◆ **WHAT TO DO**: Where the material below has a line containing "5. candy box [239, 38, 343, 105]", start repeating exactly, and keep going through the line containing "12. ink cartridge box [526, 255, 639, 339]", with no other lines.

◆ **INPUT MATERIAL**:
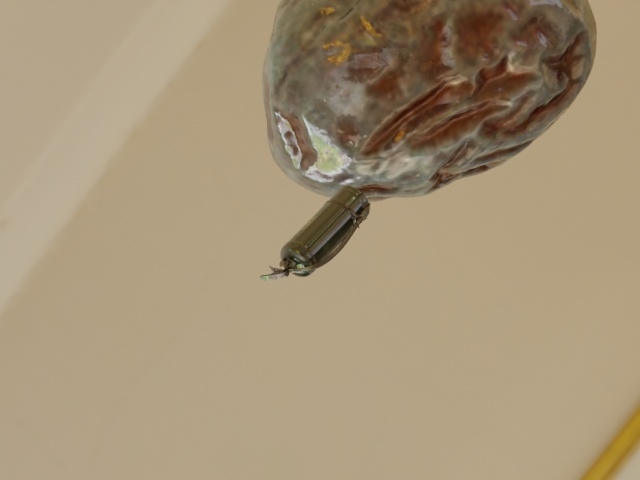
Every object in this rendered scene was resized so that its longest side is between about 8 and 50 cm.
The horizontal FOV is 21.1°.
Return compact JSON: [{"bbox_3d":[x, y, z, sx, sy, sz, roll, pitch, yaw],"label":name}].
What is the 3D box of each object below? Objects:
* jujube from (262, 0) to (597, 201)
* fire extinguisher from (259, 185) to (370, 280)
[{"bbox_3d":[0.087,-0.156,1.538,0.308,0.215,0.246,-31,-29,-2],"label":"jujube"},{"bbox_3d":[0.000,0.000,1.054,0.083,0.038,0.025,-45,-55,-34],"label":"fire extinguisher"}]
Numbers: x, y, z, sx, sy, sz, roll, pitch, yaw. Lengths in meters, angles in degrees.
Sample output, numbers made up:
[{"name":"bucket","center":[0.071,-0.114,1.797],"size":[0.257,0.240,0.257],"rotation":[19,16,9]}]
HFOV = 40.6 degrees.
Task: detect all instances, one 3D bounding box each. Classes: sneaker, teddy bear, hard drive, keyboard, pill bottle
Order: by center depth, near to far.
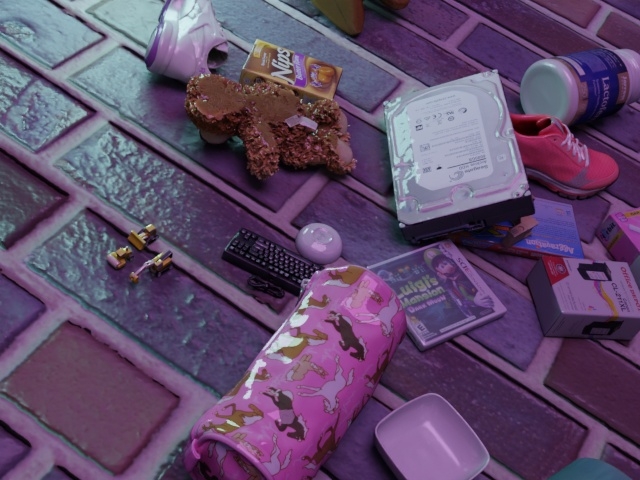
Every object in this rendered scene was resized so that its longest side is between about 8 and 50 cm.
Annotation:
[{"name":"keyboard","center":[-0.071,0.047,1.415],"size":[0.180,0.023,0.108],"rotation":[26,47,5]},{"name":"teddy bear","center":[-0.089,-0.204,1.586],"size":[0.338,0.113,0.245],"rotation":[-3,58,-31]},{"name":"hard drive","center":[0.245,-0.161,1.597],"size":[0.237,0.064,0.339],"rotation":[-14,49,14]},{"name":"sneaker","center":[0.462,-0.177,1.711],"size":[0.314,0.136,0.116],"rotation":[10,49,-10]},{"name":"sneaker","center":[-0.250,-0.414,1.716],"size":[0.152,0.114,0.305],"rotation":[23,50,-17]},{"name":"pill bottle","center":[0.575,-0.334,1.874],"size":[0.265,0.153,0.153],"rotation":[-18,58,-30]}]

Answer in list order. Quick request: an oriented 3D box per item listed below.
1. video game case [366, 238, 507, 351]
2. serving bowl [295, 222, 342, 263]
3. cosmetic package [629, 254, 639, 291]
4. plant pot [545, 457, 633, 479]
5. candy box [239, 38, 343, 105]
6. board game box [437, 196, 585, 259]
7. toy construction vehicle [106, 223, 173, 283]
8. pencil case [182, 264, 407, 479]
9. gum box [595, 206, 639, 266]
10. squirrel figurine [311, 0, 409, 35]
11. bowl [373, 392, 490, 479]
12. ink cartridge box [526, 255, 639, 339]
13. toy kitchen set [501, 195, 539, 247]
[{"name":"video game case","center":[0.196,0.087,1.470],"size":[0.190,0.022,0.173],"rotation":[-18,58,-30]},{"name":"serving bowl","center":[0.000,0.000,1.476],"size":[0.083,0.027,0.083],"rotation":[9,49,-10]},{"name":"cosmetic package","center":[0.643,0.028,1.528],"size":[0.117,0.231,0.085],"rotation":[-7,53,-23]},{"name":"plant pot","center":[0.286,0.442,1.025],"size":[0.235,0.293,0.293],"rotation":[-21,59,-16]},{"name":"candy box","center":[-0.058,-0.323,1.721],"size":[0.187,0.053,0.109],"rotation":[18,48,-1]},{"name":"board game box","center":[0.351,-0.035,1.625],"size":[0.281,0.027,0.145],"rotation":[11,47,-10]},{"name":"toy construction vehicle","center":[-0.279,0.019,1.360],"size":[0.086,0.035,0.098],"rotation":[42,50,18]},{"name":"pencil case","center":[-0.026,0.202,1.205],"size":[0.167,0.160,0.386],"rotation":[9,41,29]},{"name":"gum box","center":[0.644,-0.009,1.676],"size":[0.188,0.062,0.107],"rotation":[-12,55,-27]},{"name":"squirrel figurine","center":[0.089,-0.704,1.963],"size":[0.397,0.281,0.370],"rotation":[35,42,9]},{"name":"bowl","center":[0.154,0.303,1.247],"size":[0.142,0.053,0.142],"rotation":[-23,61,-32]},{"name":"ink cartridge box","center":[0.467,0.100,1.515],"size":[0.175,0.072,0.127],"rotation":[4,49,-15]},{"name":"toy kitchen set","center":[0.347,-0.048,1.569],"size":[0.075,0.068,0.083],"rotation":[-26,62,-34]}]
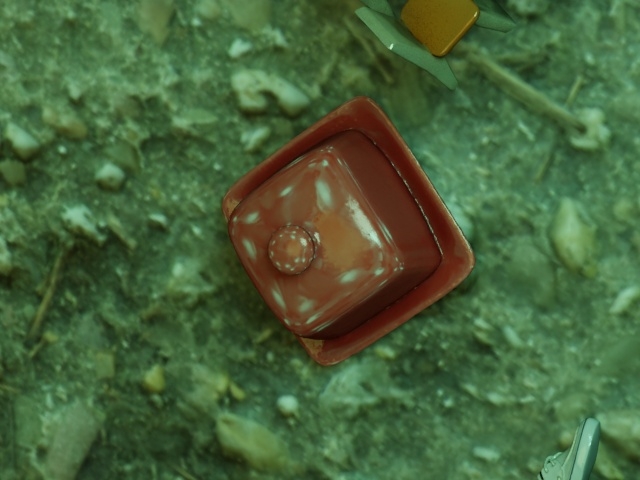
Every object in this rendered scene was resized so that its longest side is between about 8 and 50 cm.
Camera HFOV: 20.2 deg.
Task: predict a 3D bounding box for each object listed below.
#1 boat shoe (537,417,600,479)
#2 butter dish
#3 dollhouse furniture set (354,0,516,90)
[{"bbox_3d":[0.172,0.169,1.278,0.035,0.035,0.100,20,111,18],"label":"boat shoe"},{"bbox_3d":[0.000,0.000,1.287,0.160,0.118,0.160,-35,82,25],"label":"butter dish"},{"bbox_3d":[0.081,-0.276,1.157,0.262,0.135,0.259,-47,58,15],"label":"dollhouse furniture set"}]
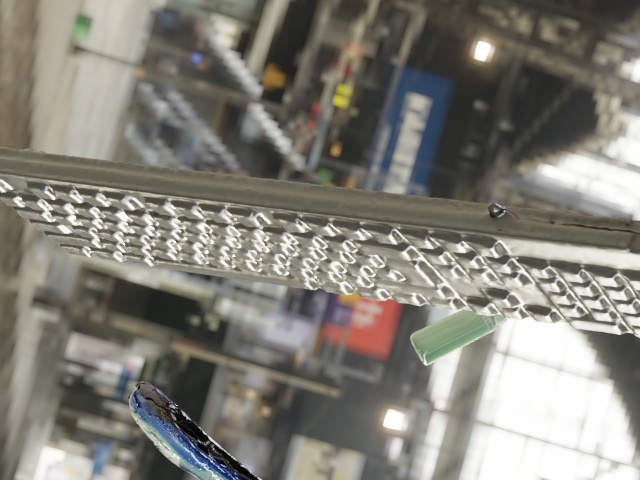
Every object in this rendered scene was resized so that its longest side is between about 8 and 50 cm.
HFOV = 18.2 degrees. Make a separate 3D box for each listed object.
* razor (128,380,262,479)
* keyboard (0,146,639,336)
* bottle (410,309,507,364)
[{"bbox_3d":[0.007,0.191,1.218,0.056,0.324,0.093,-60,-161,-17],"label":"razor"},{"bbox_3d":[0.000,0.000,0.814,0.101,0.310,0.018,47,56,-56],"label":"keyboard"},{"bbox_3d":[0.120,0.077,1.735,0.030,0.083,0.030,63,-1,2],"label":"bottle"}]
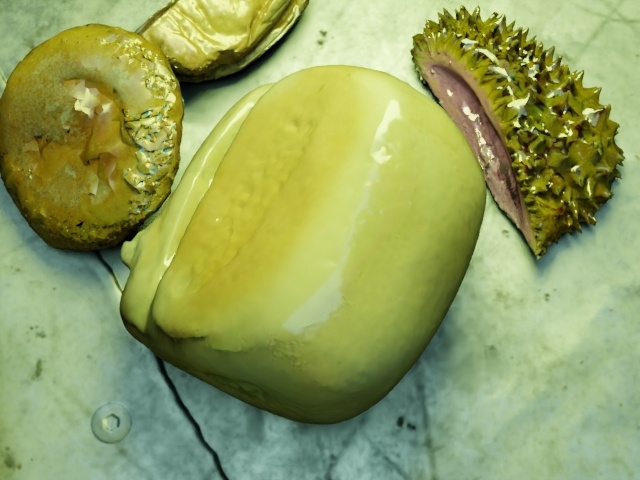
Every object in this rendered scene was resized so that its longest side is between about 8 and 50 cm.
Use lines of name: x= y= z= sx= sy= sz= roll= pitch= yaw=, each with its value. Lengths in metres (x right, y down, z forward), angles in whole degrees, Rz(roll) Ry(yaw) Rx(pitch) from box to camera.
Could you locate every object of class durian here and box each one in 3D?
durian: x=0.252 y=-0.163 z=1.269 sx=0.191 sy=0.112 sz=0.341 roll=-26 pitch=72 yaw=-5

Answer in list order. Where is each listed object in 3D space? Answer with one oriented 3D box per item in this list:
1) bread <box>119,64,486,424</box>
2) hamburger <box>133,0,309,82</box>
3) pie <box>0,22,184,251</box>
bread: x=0.000 y=0.000 z=1.132 sx=0.348 sy=0.253 sz=0.376 roll=6 pitch=66 yaw=48
hamburger: x=-0.104 y=-0.288 z=1.315 sx=0.262 sy=0.124 sz=0.131 roll=-43 pitch=94 yaw=-7
pie: x=-0.270 y=-0.118 z=1.234 sx=0.273 sy=0.069 sz=0.274 roll=1 pitch=93 yaw=19

◆ **OUTPUT BELOW**:
5. candy box [239, 38, 343, 105]
6. board game box [437, 196, 585, 259]
7. toy construction vehicle [106, 223, 173, 283]
8. pencil case [182, 264, 407, 479]
9. gum box [595, 206, 639, 266]
10. squirrel figurine [311, 0, 409, 35]
11. bowl [373, 392, 490, 479]
12. ink cartridge box [526, 255, 639, 339]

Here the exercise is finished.